Des parcours du combattant

Simple sur le papier, l’inclusion scolaire reste pourtant décrite par les parents comme un véritable « parcours du combattant ». Car en France, si la scolarisation est un droit, l’école n’en est pas un. C’est la Maison départementale des personnes handicapées (MDPH) qui est chargée de statuer sur le mode de scolarisation – en milieu médico-éducatif ou à l’école – de chaque enfant et d’évaluer les moyens matériels, financiers et humains adaptés à ses besoins. Presque jamais consultés, les parents témoignent sur les forums Internet de l’anxiété avec laquelle ils attendent la notification de la MDPH, dont dépendra le quotidien de leur enfant pour plusieurs années. Nul d’entre eux n’ignore le morceau de bravoure que représente une procédure de contestation. Lorsqu’une scolarisation en milieu ordinaire est décidée, le relais est passé aux équipes de suivi de la scolarisation (ESS), chargées de faire le lien entre les établissements scolaires, la famille et la MDPH, et de mettre en œuvre les aménagements nécessaires. Cette traduction ne se fait pourtant pas sans heurts.
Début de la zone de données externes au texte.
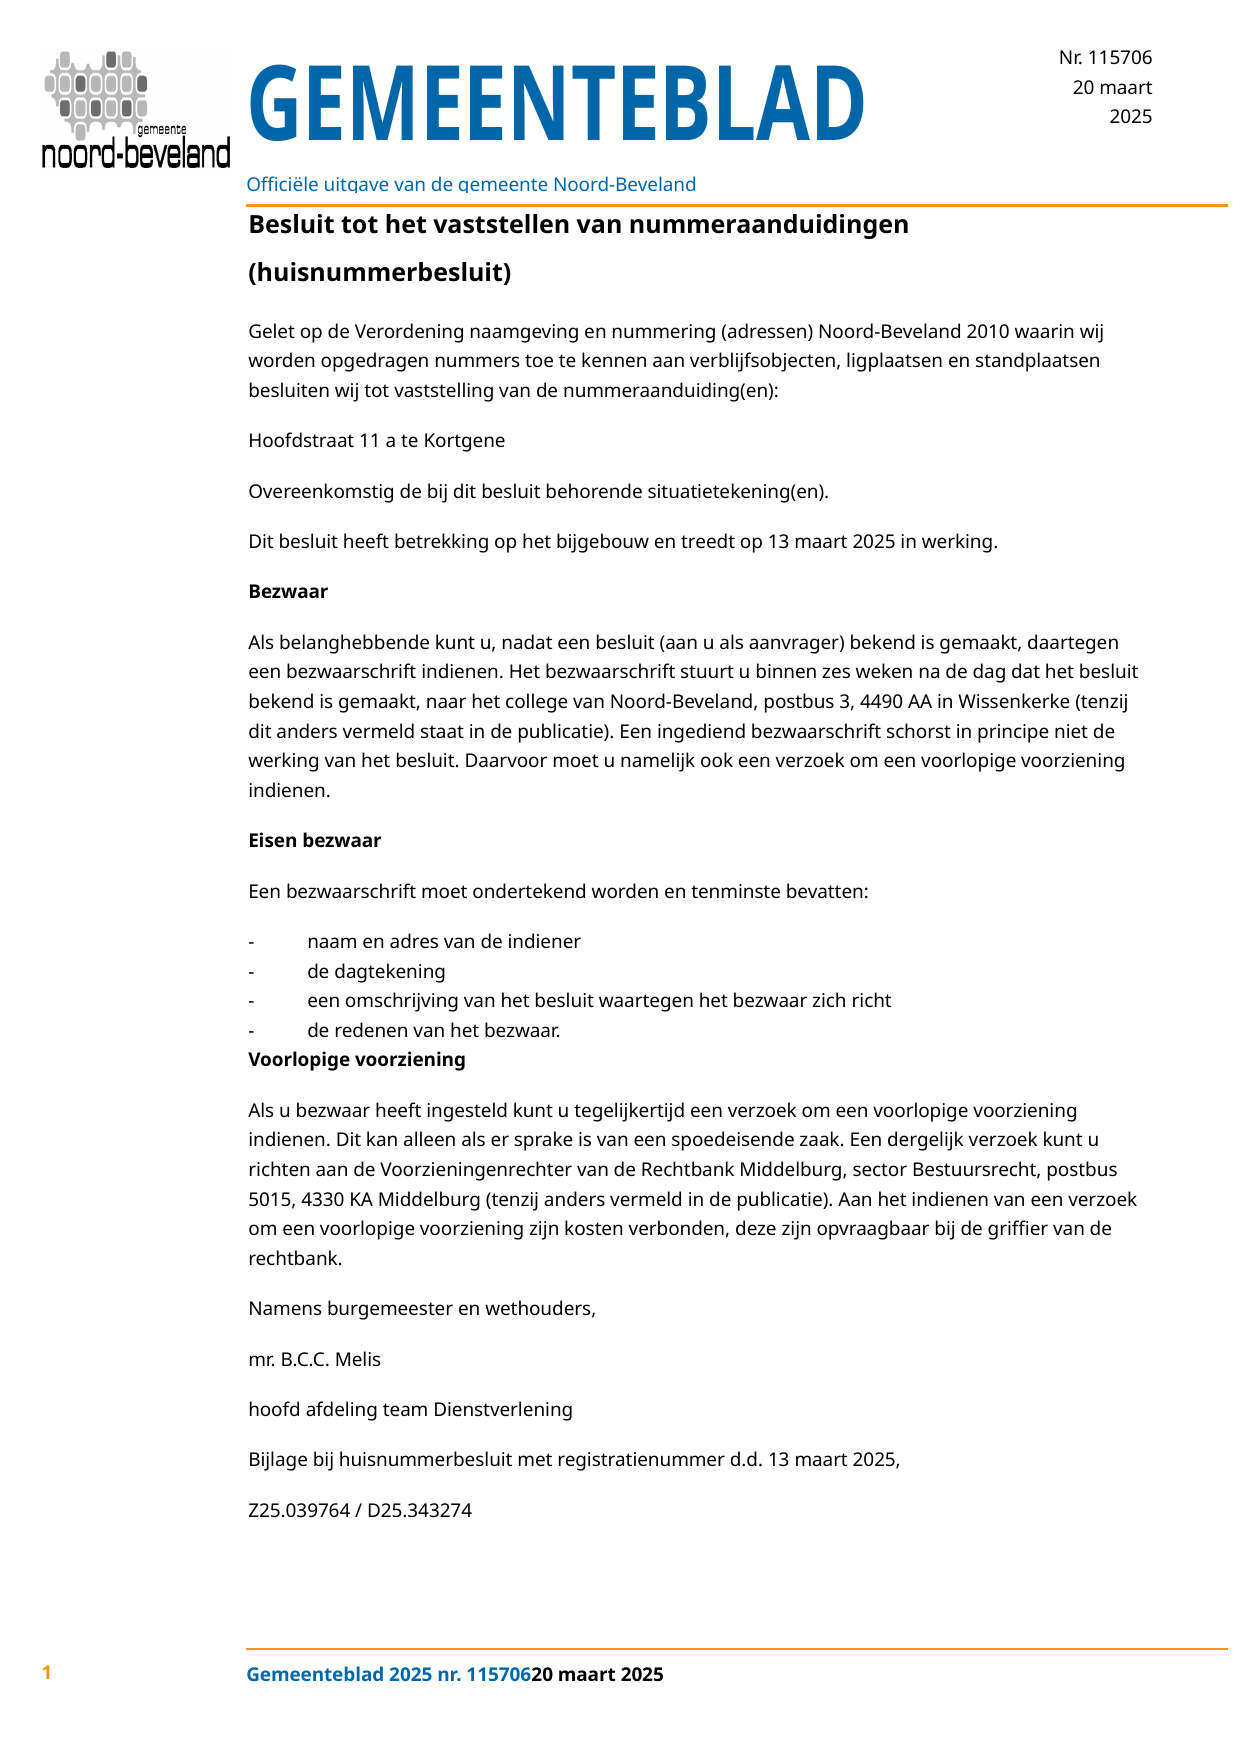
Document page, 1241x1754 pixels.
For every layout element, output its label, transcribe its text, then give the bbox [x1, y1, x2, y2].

À la rentrée 2017, le ministère de l’Éducation nationale estimait encore à 2 % (soit 3 280 élèves) le taux d’élèves handicapés en attente de recrutement de leur accompagnant. Une défaillance trop souvent synonyme de déscolarisation pour les nombreux enfants autistes pour qui ce soutien est indispensable, non seulement à leurs apprentissages, mais aussi au bon déroulement de la classe.